In a rare break of protocol, O’Brien explained to NZPA that Wessels had made a massive mistake in recommending a yellow card for Australian winger Drew Mitchell in last weekend’s Test match between the Wallabies and All Blacks in Melbourne.

Wessels flagged an off the ball incident where he said Mitchell had not used arms to tackle All Black captain Richie McCaw and later received a second yellow for unsportsmanlike behaviour, reducing the Wallabies to 14 men for the last 38 minutes of the game.

Scrutiny of match footage not shown on the night revealed that ruling to be well wide of the mark, according to IRB referees boss Paddy O'Brien.

New Zealander O'Brien told NZPA the alleged tackle by Mitchell on All Blacks captain Richie McCaw was at the minor end of the scale and Wessels had paid the price for his over-reaction.

"If anything, it's lucky to be a penalty," O'Brien said."McCaw offloads as he's about to collide with Drew Mitchell, who puts his hands out and pushes him away. So there's no way it's a yellow card offence.

"As a result of that, with the second yellow, Australia went without a player for almost 40 minutes and that just shouldn't have happened."

O'Brien said Wessels also called an All Blacks lineout throw not straight late in the Test when it was clearly down the middle.
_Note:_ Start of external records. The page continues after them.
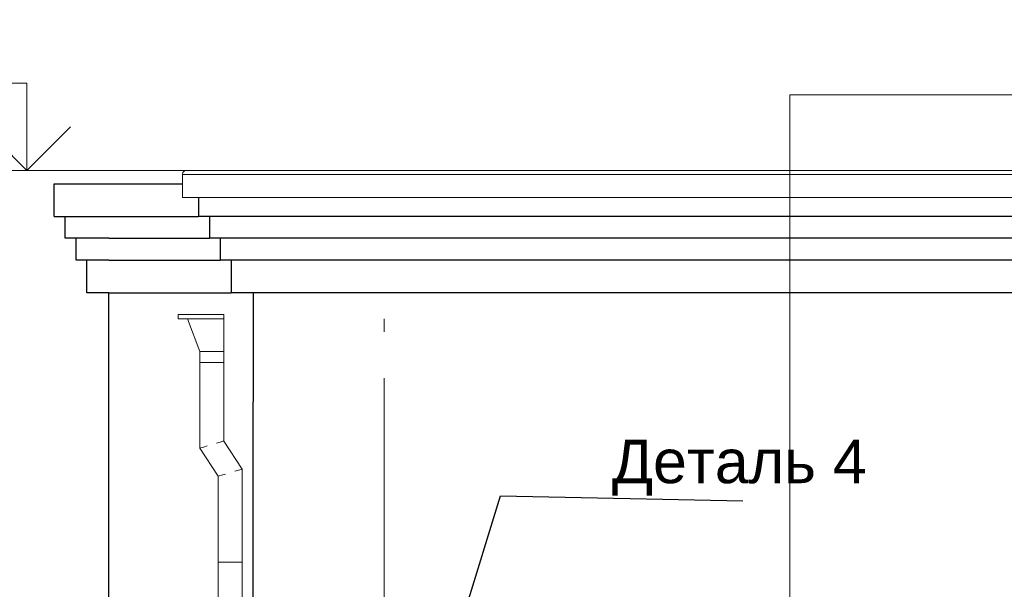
# Model space of a CAD drawing. Header units: millimetres. Extents: x -28821 to 130709, y -7627 to 10914.
# Tile 5 of 111: x -26247 to -21731, y 2860 to 5472. Entities that reach past the tile are written whole.
import ezdxf
from ezdxf.enums import TextEntityAlignment as Align

# ---------------------------------------------------------------- set-up
doc = ezdxf.new("R2010")
doc.units = ezdxf.units.MM
doc.header["$MEASUREMENT"] = 0
doc.set_wipeout_variables(frame=1)
doc.linetypes.add('Wipeout_Contour', pattern=[1000, 0, -1000])
doc.linetypes.add('Штрих-Штриховая', pattern=[1093.611073, 529.166651, -211.666656, 141.111112, -211.666656])
for name, color, linetype, lineweight in [('Аннотация - Выносная Надпись.Фасад фрагмент_Ном._пера__1', 7, 'Continuous', 15), ('Аннотация - Выносная Надпись.Фасад фрагмент_Ном._пера__120', 7, 'Continuous', 5), ('Конструктив - Стены Несущие_Ном._пера__21', 7, 'Continuous', 30), ('Новый_1 ВОДОСТОК_Ном._пера__141', 7, 'Continuous', 20), ('Новый_1 Молдинги_Ном._пера__21', 7, 'Continuous', 30), ('Новый_Конструктив - Стены Несущие_Ном._пера__21', 7, 'Continuous', 30), ('Новый_Фартук парапета_Ном._пера__1', 7, 'Continuous', 15), ('Размер - Отметка Уровня_Ном._пера__120', 7, 'Continuous', 5), ('Элемент Модели - Оси_Ном._пера__1', 7, 'Continuous', 15), ('Элемент Модели - Оси_Ном._пера__2', 8, 'Continuous', 15)]:
    doc.layers.add(name, color=color, linetype=linetype, lineweight=lineweight)
for name, color, linetype in [('Конструктив - Стены Несущие', 7, 'Continuous'), ('Новый_1 ВОДОСТОК', 7, 'Continuous'), ('Новый_1 Молдинги', 7, 'Continuous'), ('Новый_Конструктив - Стены Несущие', 7, 'Continuous'), ('Новый_Фартук парапета', 7, 'Continuous'), ('Размер - Отметка Уровня', 7, 'Continuous'), ('Элемент Модели - Оси', 7, 'Continuous')]:
    doc.layers.add(name, color=color, linetype=linetype)
doc.styles.add('СГЕНЕРИР_СТИЛЬ_1', font='arial.ttf')
doc.dimstyles.new('СГЕНЕРИР_СТИЛЬ__2', dxfattribs={"dimtxt": 0.18, "dimasz": 182.4, "dimexe": 0.18, "dimexo": 0.0625, "dimgap": 0, "dimtad": 0, "dimtih": 1, "dimtoh": 1, "dimdec": 4, "dimzin": 0, "dimdsep": 46, "dimcen": 0.09, "dimadec": 0, "dimazin": 0, "dimtfac": 1, "dimtdec": 4, "dimtmove": 0, "dimatfit": 3, "dimldrblk": 'ARROWHEAD_11', "dimfxl": 1, "dimtolj": 1, "dimtzin": 0, "dimarcsym": 0})

# ---------------------------------------------------------------- blocks, each defined once
blk = doc.blocks.new('Элемент Разреза_1_1')
at = {"layer": 'Конструктив - Стены Несущие_Ном._пера__21', "color": 7, "linetype": 'Continuous', "lineweight": 30}
blk.add_line((-25175.7, 200), (-25175.7, 3720), dxfattribs=at)
blk = doc.blocks.new('Элемент Разреза_14_1')
at = {"layer": 'Новый_1 ВОДОСТОК_Ном._пера__141', "color": 7, "linetype": 'Continuous', "lineweight": 20}
for p, q in [((-25310.4, 4120), (-25520.4, 4120)), ((-25520.4, 4100), (-25520.4, 4120)), ((-25310.4, 4120), (-25310.4, 4100)), ((-25310.4, 4100), (-25520.4, 4100)), ((-25420.4, 3950), (-25477.6, 4100)), ((-25310.4, 4100), (-25310.4, 3950)), ((-25310.4, 3950), (-25420.4, 3950)), ((-25420.4, 3900), (-25420.4, 3950)), ((-25310.4, 3950), (-25310.4, 3900)), ((-25310.4, 3900), (-25420.4, 3900)), ((-25420.4, 3900), (-25420.4, 3507.7)), ((-25310.4, 3900), (-25310.4, 3540.3)), ((-25344.4, 3530.2), (-25326.6, 3535.5)), ((-25326.6, 3535.5), (-25314.6, 3539)), ((-25314.6, 3539), (-25310.4, 3540.3)), ((-25310.4, 3540.3), (-25226.8, 3411.6)), ((-25420.4, 3507.7), (-25416.3, 3508.9)), ((-25420.4, 3507.7), (-25336.8, 3378.9)), ((-25416.3, 3508.9), (-25404.3, 3512.4)), ((-25404.3, 3512.4), (-25386.5, 3517.7)), ((-25320.7, 3383.7), (-25302.8, 3389)), ((-25260.7, 3401.5), (-25242.9, 3406.8)), ((-25242.9, 3406.8), (-25231, 3410.3)), ((-25231, 3410.3), (-25226.8, 3411.6)), ((-25226.8, 3411.6), (-25226.8, 2985.1)), ((-25336.8, 3378.9), (-25332.6, 3380.2)), ((-25336.8, 3378.9), (-25336.8, 2985.1)), ((-25332.6, 3380.2), (-25320.7, 3383.7)), ((-25336.8, 2985.1), (-25336.8, 2145)), ((-25336.8, 2985.1), (-25332.6, 2985.1)), ((-25332.6, 2985.1), (-25320.7, 2985.1)), ((-25320.7, 2985.1), (-25302.8, 2985.1)), ((-25302.8, 2985.1), (-25281.8, 2985.1)), ((-25281.8, 2985.1), (-25260.7, 2985.1)), ((-25260.7, 2985.1), (-25242.9, 2985.1)), ((-25242.9, 2985.1), (-25231, 2985.1)), ((-25231, 2985.1), (-25226.8, 2985.1)), ((-25226.8, 2985.1), (-25226.8, 15)), ((-25334.5, 2145), (-25338.9, 2145)), ((-25338.9, 2115), (-25338.9, 2145)), ((-25322.2, 2145), (-25334.5, 2145)), ((-25303.7, 2145), (-25322.2, 2145)), ((-25281.9, 2145), (-25303.7, 2145)), ((-25228.9, 2145), (-25281.9, 2145)), ((-25226.9, 2145), (-25228.9, 2145)), ((-25228.9, 2115), (-25228.9, 2145)), ((-25226.9, 2115), (-25226.9, 2145)), ((-25334.5, 2115), (-25338.9, 2115)), ((-25336.8, 2115), (-25336.8, 145)), ((-25322.2, 2115), (-25334.5, 2115)), ((-25303.7, 2115), (-25322.2, 2115)), ((-25281.9, 2115), (-25303.7, 2115)), ((-25228.9, 2115), (-25281.9, 2115)), ((-25226.9, 2115), (-25228.9, 2115)), ((-25334.5, 145), (-25338.9, 145)), ((-25338.9, 115), (-25338.9, 145)), ((-25322.2, 145), (-25334.5, 145)), ((-25303.7, 145), (-25322.2, 145)), ((-25281.9, 145), (-25303.7, 145)), ((-25228.9, 145), (-25281.9, 145)), ((-25226.9, 145), (-25228.9, 145)), ((-25228.9, 115), (-25228.9, 145)), ((-25226.9, 115), (-25226.9, 145)), ((-25334.5, 115), (-25338.9, 115)), ((-25336.8, 115), (-25336.8, 15)), ((-25322.2, 115), (-25334.5, 115)), ((-25303.7, 115), (-25322.2, 115)), ((-25281.9, 115), (-25303.7, 115)), ((-25228.9, 115), (-25281.9, 115)), ((-25226.9, 115), (-25228.9, 115)), ((-25336.8, 15), (-25336.8, -62.3)), ((-25336.8, 15), (-25332.6, 15)), ((-25332.6, 15), (-25320.7, 15)), ((-25320.7, 15), (-25302.8, 15)), ((-25302.8, 15), (-25281.8, 15)), ((-25281.8, 15), (-25260.7, 15)), ((-25260.7, 15), (-25242.9, 15)), ((-25242.9, 15), (-25231, 15)), ((-25231, 15), (-25226.8, 15)), ((-25226.8, 15), (-25226.8, -107.8)), ((-25336.8, -62.3), (-25426.7, -152.2)), ((-25336.8, -62.3), (-25332.6, -64)), ((-25332.6, -64), (-25320.7, -68.9)), ((-25320.7, -68.9), (-25302.8, -76.3)), ((-25226.8, -107.8), (-25348.9, -230)), ((-25260.7, -93.8), (-25242.9, -101.2)), ((-25242.9, -101.2), (-25231, -106.1)), ((-25231, -106.1), (-25226.8, -107.8)), ((-25426.7, -152.2), (-25423.8, -155.2)), ((-25423.8, -155.2), (-25415.3, -163.6)), ((-25415.3, -163.6), (-25402.7, -176.2)), ((-25402.7, -176.2), (-25387.8, -191.1)), ((-25387.8, -191.1), (-25373, -206)), ((-25373, -206), (-25360.3, -218.6)), ((-25360.3, -218.6), (-25351.9, -227)), ((-25351.9, -227), (-25348.9, -230))]:
    blk.add_line(p, q, dxfattribs=at)
blk = doc.blocks.new('Элемент Разреза_18_1')
at = {"layer": 'Новый_Конструктив - Стены Несущие_Ном._пера__21', "color": 7, "linetype": 'Continuous', "lineweight": 30}
for p, q in [((-25838.6, 2452.8), (-25838.6, 4220)), ((-25838.6, 2420.4), (-25838.6, 2422)), ((-25838.6, 2332.1), (-25838.6, 2337.6)), ((-25838.6, 200), (-25838.6, 2252.1))]:
    blk.add_line(p, q, dxfattribs=at)
blk = doc.blocks.new('Элемент Разреза_20_1')
at = {"layer": 'Новый_Конструктив - Стены Несущие_Ном._пера__21', "color": 7, "linetype": 'Continuous', "lineweight": 30}
blk.add_line((-25175.7, 4220), (-25175.7, 3720), dxfattribs=at)
blk = doc.blocks.new('Элемент Разреза_42_1')
at = {"layer": 'Новый_Фартук парапета_Ном._пера__1', "color": 7, "linetype": 'Continuous', "lineweight": 15}
for p, q in [((-25498.2, 4771.9), (-25500.7, 4762.9)), ((-25500.7, 4762.9), (-25500.7, 4657.4)), ((-25500.7, 4762.9), (8139, 4762.9)), ((-25491.4, 4778.3), (-25498.2, 4771.9)), ((-25482.2, 4780.2), (-25491.4, 4778.3)), ((-25482.2, 4780.2), (8139, 4780.2)), ((-25500.7, 4657.4), (8139, 4657.4))]:
    blk.add_line(p, q, dxfattribs=at)
blk = doc.blocks.new('Элемент Разреза_44_1')
at = {"layer": 'Новый_1 Молдинги_Ном._пера__21', "color": 7, "linetype": 'Continuous', "lineweight": 30}
for p, q in [((-25426.7, 4657.4), (-25426.7, 4569.4)), ((8139, 4569.4), (-25426.7, 4569.4)), ((-25376.7, 4569.4), (-25376.7, 4470)), ((8139, 4470), (-25376.7, 4470)), ((-25326.7, 4470), (-25326.7, 4370)), ((8139, 4370), (-25326.7, 4370)), ((-25276.7, 4370), (-25276.7, 4220)), ((8139, 4220), (-25276.7, 4220))]:
    blk.add_line(p, q, dxfattribs=at)
blk = doc.blocks.new('Элемент Разреза_75_1')
at = {"layer": 'Новый_1 Молдинги_Ном._пера__21', "color": 7, "linetype": 'Continuous', "lineweight": 30}
for p, q in [((-26088.6, 4720), (-25838.6, 4720)), ((-26088.6, 4569.4), (-26088.6, 4720)), ((-26038.6, 4470), (-26038.6, 4569.4)), ((-25988.6, 4470), (-26038.6, 4470)), ((-25838.6, 4470), (-25988.6, 4470)), ((-25988.6, 4370), (-25988.6, 4470)), ((-25938.6, 4370), (-25988.6, 4370)), ((-25838.6, 4370), (-25938.6, 4370)), ((-25938.6, 4220), (-25938.6, 4370)), ((-25838.6, 4220), (-25938.6, 4220))]:
    blk.add_line(p, q, dxfattribs=at)
blk = doc.blocks.new('Элемент Разреза_76_1')
at = {"layer": 'Новый_1 Молдинги_Ном._пера__21', "color": 7, "linetype": 'Continuous', "lineweight": 30}
for p, q in [((-25838.6, 4720), (-25500.7, 4720)), ((-26088.6, 4569.4), (-25426.7, 4569.4)), ((-25838.6, 4470), (-25376.7, 4470)), ((-25838.6, 4370), (-25326.7, 4370)), ((-25838.6, 4220), (-25276.7, 4220))]:
    blk.add_line(p, q, dxfattribs=at)
blk = doc.blocks.new('Стандартный Маркер Сетки[1]_1', base_point=(-24575.7, 4100))
at = {"layer": 'Элемент Модели - Оси_Ном._пера__2', "color": 8, "linetype": 'Штрих-Штриховая', "lineweight": 15}
for q in [(-24575.7, 4100), (-24575.7, -2200)]:
    blk.add_line((-24575.7, 3300), q, dxfattribs=at)
at = {"layer": 'Элемент Модели - Оси_Ном._пера__1', "color": 7, "lineweight": 15, "style": 'СГЕНЕРИР_СТИЛЬ_1'}
blk.add_attdef('AC_MarkerText_1', text='', height=350, rotation=360, dxfattribs=at).set_placement((-24575.7, -3300), align=Align.TOP_CENTER)
blk = doc.blocks.new('ARROWHEAD_11')
at = {"color": 0, "linetype": 'Continuous', "lineweight": 0}
blk.add_line((0, 0), (-1, 0), dxfattribs=at)
at = {"color": 0, "linetype": 'Continuous', "lineweight": 0, "const_width": 0.25, "flags": 128}
blk.add_lwpolyline([(-0.125, 0, 1), (0.125, 0, 1)], format="xyb", close=True, dxfattribs=at)
blk = doc.blocks.new('Отметка высоты (ГОСТ)[8]_1', base_point=(-26213.7, 4780.2))
at = {"layer": 'Размер - Отметка Уровня_Ном._пера__120', "color": 7, "linetype": 'Continuous', "lineweight": 5}
for p, q in [((-26213.7, 5180.2), (-27360.2, 5180.2)), ((-26213.7, 4780.2), (-26213.7, 5180.2)), ((-26213.7, 4780.2), (-26413.7, 4980.2)), ((-26213.7, 4780.2), (-26013.7, 4980.2)), ((-24473.9, 4780.2), (-26413.7, 4780.2))]:
    blk.add_line(p, q, dxfattribs=at)
at = {"layer": 'Размер - Отметка Уровня_Ном._пера__120', "color": 7, "lineweight": 5, "insert": (-26413.7, 5209.9), "char_height": 200, "attachment_point": 9, "style": 'СГЕНЕРИР_СТИЛЬ_1'}
blk.add_mtext('\\A1;+4,780{\\H0.66x;\\S^  ;}', dxfattribs=at)
at = {"layer": 'Размер - Отметка Уровня_Ном._пера__120', "color": 7, "lineweight": 5, "style": 'СГЕНЕРИР_СТИЛЬ_1'}
blk.add_attdef('addText', text='', height=150, dxfattribs=at).set_placement((-26473.7, 4944.5), align=Align.BOTTOM_RIGHT)

msp = doc.modelspace()

# ---------------------------------------------------------------- block references
at = {"layer": 'Конструктив - Стены Несущие', "lineweight": 0}
msp.add_blockref('Элемент Разреза_1_1', (0, 0), dxfattribs=at)
at = {"layer": 'Новый_1 ВОДОСТОК', "lineweight": 0}
msp.add_blockref('Элемент Разреза_14_1', (0, 0), dxfattribs=at)
at = {"layer": 'Новый_1 Молдинги', "lineweight": 0}
for name in ['Элемент Разреза_75_1', 'Элемент Разреза_76_1', 'Элемент Разреза_44_1']:
    msp.add_blockref(name, (0, 0), dxfattribs=at)
at = {"layer": 'Новый_Конструктив - Стены Несущие', "lineweight": 0}
for name in ['Элемент Разреза_18_1', 'Элемент Разреза_20_1']:
    msp.add_blockref(name, (0, 0), dxfattribs=at)
at = {"layer": 'Новый_Фартук парапета', "lineweight": 0}
msp.add_blockref('Элемент Разреза_42_1', (0, 0), dxfattribs=at)
at = {"layer": 'Размер - Отметка Уровня', "color": 104, "linetype": 'Continuous', "lineweight": 15, "true_color": 0x029e21}
msp.add_blockref('Отметка высоты (ГОСТ)[8]_1', (-26213.7, 4780.2), dxfattribs=at)
at = {"layer": 'Элемент Модели - Оси', "color": 8, "linetype": 'Continuous', "lineweight": 15}
msp.add_blockref('Стандартный Маркер Сетки[1]_1', (-24575.7, 4100), dxfattribs=at)

# ---------------------------------------------------------------- wipeouts: each hides what was drawn before it
at = {"color": 7, "linetype": 'Wipeout_Contour', "lineweight": 15, "ltscale": 92775.612877}
msp.add_wipeout([(-23507.2, 3580.5), (-22371.2, 3580.5), (-22371.2, 3266.2), (-23507.2, 3266.2)], dxfattribs=at).dxf.layer = 'Аннотация - Выносная Надпись.Фасад фрагмент_Ном._пера__1'

# ---------------------------------------------------------------- next in the draw order: linework, layer by layer
at = {"layer": 'Аннотация - Выносная Надпись.Фасад фрагмент_Ном._пера__120', "color": 7, "linetype": 'Continuous', "lineweight": 5}
msp.add_lwpolyline([(-22714.8, 5127.6), (-20422.1, 5127.6), (-20422.1, -1018), (-22714.8, -1018)], close=True, dxfattribs=at)

# ---------------------------------------------------------------- next in the draw order: texts
at = {"layer": 'Аннотация - Выносная Надпись.Фасад фрагмент_Ном._пера__1', "color": 7, "linetype": 'Continuous', "lineweight": 15, "insert": (-22361.7, 3289), "char_height": 200, "attachment_point": 9, "style": 'СГЕНЕРИР_СТИЛЬ_1'}
msp.add_mtext('\\A1;Деталь 4', dxfattribs=at)

# ---------------------------------------------------------------- next in the draw order: leaders
at = {"layer": 'Аннотация - Выносная Надпись.Фасад фрагмент_Ном._пера__1', "color": 7, "linetype": 'Continuous', "lineweight": 15, "annotation_type": 0, "has_hookline": 1, "hookline_direction": 0, "text_width": 1156.1}
msp.add_leader([(-24223.3, 2700), (-24041.4, 3289), (-22929.7, 3266.2)], dimstyle='СГЕНЕРИР_СТИЛЬ__2', dxfattribs=at)

doc.saveas('drawing.dxf')

"Assistant referees, we encourage them to intervene in the game but they've got to get it right. There were two decisions made which we felt weren't up to the standard required.

"Cobus has been very understanding, he admits that he got it wrong and we're not going to hang him out to dry. He's got to go away and think about that, referee the Currie Cup and hopefully learn a lesson from it."

Wessels, who will be the television match official on Saturday, will be replaced on the touch line by New Zealander Keith Brown.

However South African fans will continue to question why O’Brien was not more harsh on the Irish refereeing trio of Alain Rolland, George Clancy and Allan Lewis for their mistakes in the Tri-Nations Tests involving the Springboks but so vociferous to censure Wessels. Rolland and Lewis were sternly defended by O’Brien when the Springboks complained and Rolland was even awarded the Tri-Nations Test in Pretoria between the Springboks and Wallabies.

Meanwhile, O'Brien also defended the refereeing trend this season that has seen a proliferation of yellow and red cards, causing consternation from some teams and supporters.

O'Brien said attention should fall on the actions of the players, not the officials.

"We make no apologies for it. We're very tough on dangerous tackles, especially tip tackles," he said.

"This is the shop window of rugby so we can't have third grade players running around in club rugby tipping someone in the air and putting them down with legs above the horizontal.

"And there's no excuses for the headbutting and the other things that have happened."

However, O'Brien may have conceded that lock Danie Rossouw was unlucky in his yellow card and suggested officials overstepped on occasion.

"There are concerns that there have been a couple of yellows where the referees have been over-zealous. The game is still a contact sport so we just want the referees to be accurate when it comes to what is foul play and what is hard rugby."